◆ Data items ◆
_ _ _ _ _
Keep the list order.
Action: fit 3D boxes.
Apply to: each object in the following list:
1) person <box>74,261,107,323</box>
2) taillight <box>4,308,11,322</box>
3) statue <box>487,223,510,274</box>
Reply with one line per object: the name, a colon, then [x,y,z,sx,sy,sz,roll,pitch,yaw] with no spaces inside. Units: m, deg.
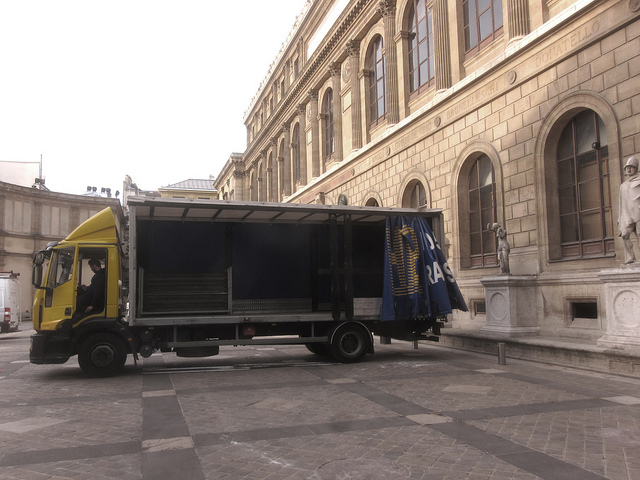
person: [-5.602,1.184,13.031,0.729,1.553,0.668,-1,20,-1]
taillight: [-15.604,3.766,26.090,0.129,0.708,0.332,-1,-3,12]
statue: [5.904,0.284,17.116,0.522,1.658,0.781,-2,-3,19]
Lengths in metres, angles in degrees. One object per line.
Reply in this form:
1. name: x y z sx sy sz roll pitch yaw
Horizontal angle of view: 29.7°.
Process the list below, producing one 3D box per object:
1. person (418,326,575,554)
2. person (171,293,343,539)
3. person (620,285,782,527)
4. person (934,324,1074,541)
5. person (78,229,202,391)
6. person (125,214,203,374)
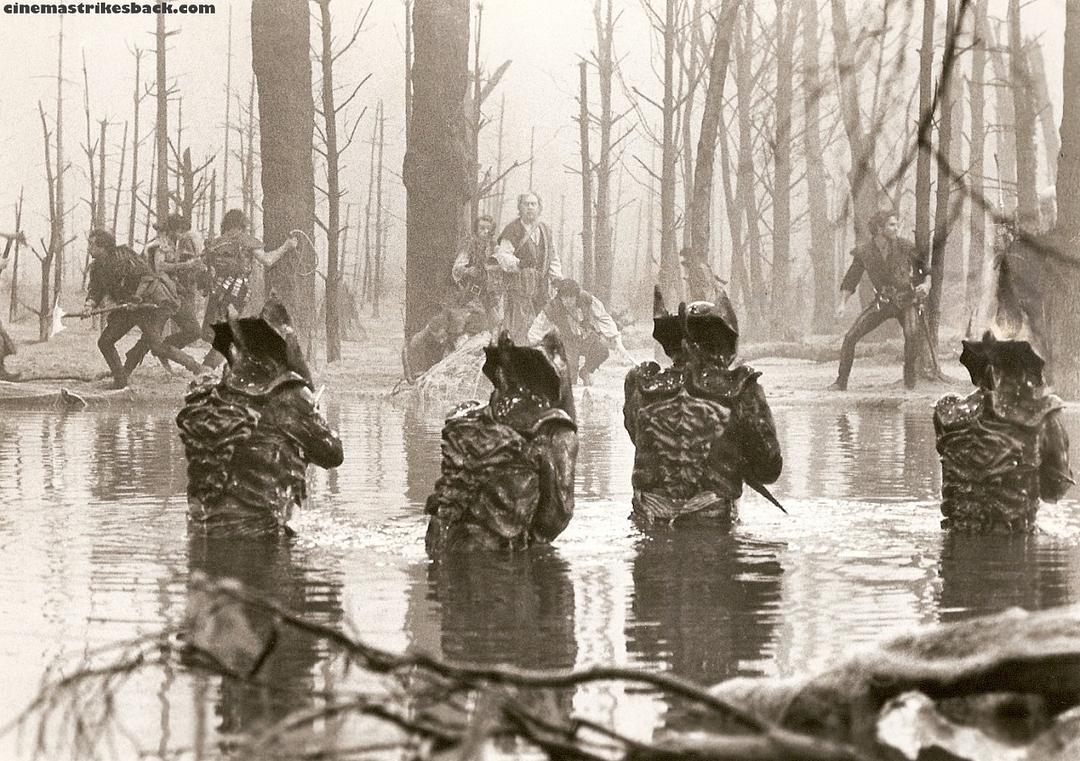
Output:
1. person: -0.195 0.461 14.288 1.182 1.691 1.142 4 5 14
2. person: -1.995 0.254 14.394 1.098 1.683 0.418 -3 -2 -7
3. person: 1.189 0.374 15.116 1.279 1.867 1.100 3 5 -6
4. person: 3.236 0.357 14.305 0.841 1.092 0.381 -3 -2 9
5. person: -5.044 -0.883 24.793 0.897 1.874 1.606 -4 -2 19
6. person: -4.682 -1.111 25.632 0.887 2.063 0.843 -1 6 -28
_ _ _ _ _
◆ Exercise ◆
The copy should begin at the line containing "1) person <box>74,261,107,323</box>" and end at the last line of the data above; please restate those lines word for word without the pictures.

◆ Response to the exercise ◆
1) person <box>74,261,107,323</box>
2) taillight <box>4,308,11,322</box>
3) statue <box>487,223,510,274</box>
Reply with one line per object: the name, a colon, then [x,y,z,sx,sy,sz,roll,pitch,yaw] with no spaces inside. Units: m, deg.
person: [-5.602,1.184,13.031,0.729,1.553,0.668,-1,20,-1]
taillight: [-15.604,3.766,26.090,0.129,0.708,0.332,-1,-3,12]
statue: [5.904,0.284,17.116,0.522,1.658,0.781,-2,-3,19]
Lengths in metres, angles in degrees. One object per line.
Reply in this form:
1. name: x y z sx sy sz roll pitch yaw
Horizontal angle of view: 29.7°.
Process the list below, producing one 3D box per object:
1. person (418,326,575,554)
2. person (171,293,343,539)
3. person (620,285,782,527)
4. person (934,324,1074,541)
5. person (78,229,202,391)
6. person (125,214,203,374)
Output:
1. person: -0.195 0.461 14.288 1.182 1.691 1.142 4 5 14
2. person: -1.995 0.254 14.394 1.098 1.683 0.418 -3 -2 -7
3. person: 1.189 0.374 15.116 1.279 1.867 1.100 3 5 -6
4. person: 3.236 0.357 14.305 0.841 1.092 0.381 -3 -2 9
5. person: -5.044 -0.883 24.793 0.897 1.874 1.606 -4 -2 19
6. person: -4.682 -1.111 25.632 0.887 2.063 0.843 -1 6 -28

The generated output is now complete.